High/ultrahigh field MR scanner technology emerged in the 1990s and the extraordinary sensitivity gain of 17O detection at higher field observed in 2001 have stimulated new interests and efforts in the field of in vivo 17O MRS research [24, 25]. After more than ten years of technology development and validation, the in vivo 17O MRS/MRI methodology has now been established as a valuable tool for studying cerebral oxygen metabolism in preclinical animal models and in human brains under various physiopathological conditions [25–39]. Details of the technology development can be found in several earlier review articles [40–43]. In the present review, we will briefly describe the methodology and its utility for non-invasive investigation and quantitative understanding of the roles of oxygen metabolism in health and disease. The main scope of this review will be on the new advancements and recent applications in this research field.
Methodology Overview
Among the three stable isotopes of oxygen (i.e., 16O, 17O and 18O), 16O represents over 99.7% of the composition, but unfortunately does not possess a nuclear spin; only 17O with a spin number of I=5/2 can be detected by MR. In this section, we will introduce different in vivo 17O MR methods according to their signal sources and/or related uses with either a spectroscopic or imaging approach,.

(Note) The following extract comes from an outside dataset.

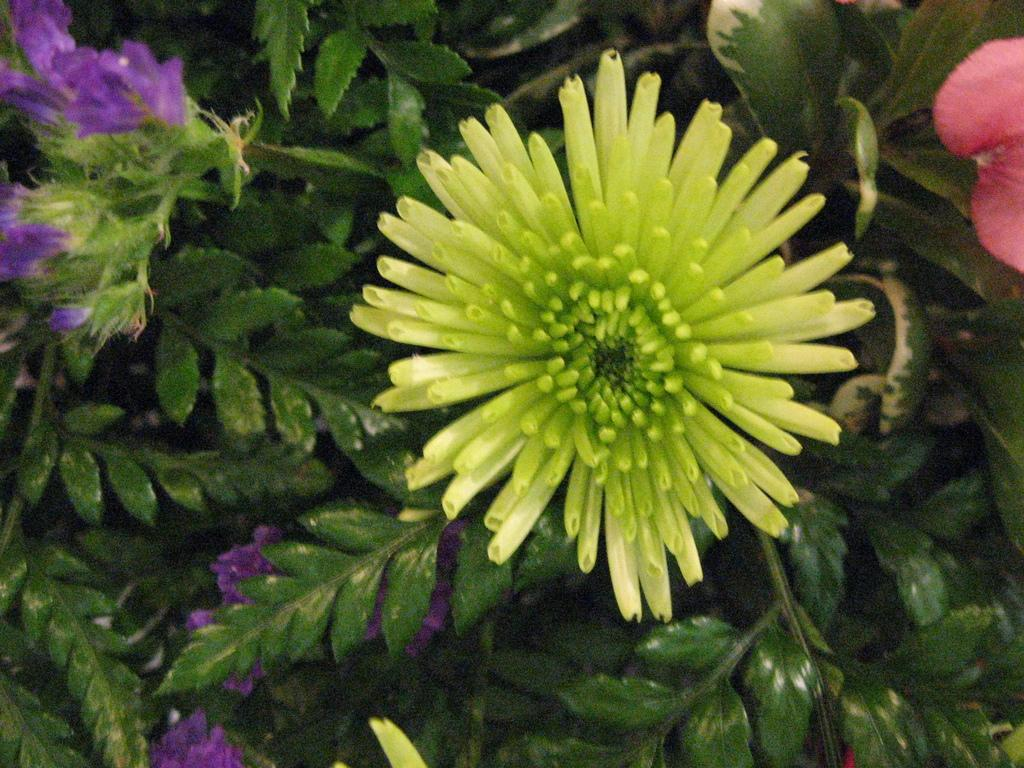What colors of flowers can be seen in the image? There are yellow, purple, and red flowers in the image. Can you describe the arrangement of the flowers in the image? The flowers are arranged in a way that allows leaves to be visible at the bottom of the image. How many scarecrows are present in the image? There are no scarecrows present in the image; it features flowers and leaves.

Steady-state detection of the natural abundance 17O signal
The relative amount of 17O in oxygen in nature is very rare (only 0.037% of total oxygen). Because the concentration of major metabolites is in the range of few millimolar to tens millimolar, long 17O MR acquisition times are required to accumulate reasonable signal for meaningful detection or adequate signal-to-noise ratio (SNR) of oxygen-containing metabolites in tissue samples. Figure 1 illustrates natural abundance in vivo 17O MR spectra obtained in live and postmortem rat brains with a 11.7T scanner that required several million scans over 6 and 14 hours, respectively, in which a number of broad resonances from oxygen in phosphate, sulfonic and carbonyl groups covering a wide chemical shift range are detected [44]. It is clear that the SNR of these natural abundance 17O signals is insufficient for practical applications aiming to monitor oxygen-containing metabolites. The only molecule that can be easily detected by in vivo 17O MRS techniques is water, a major component of the tissue. However, with known water content and molar concentration in different tissues, the natural abundance water signal in 17O MR spectra can serve as an internal reference for quantification purposes. This is an important advantage of the in vivo 17O MR methodology and is crucial for its application.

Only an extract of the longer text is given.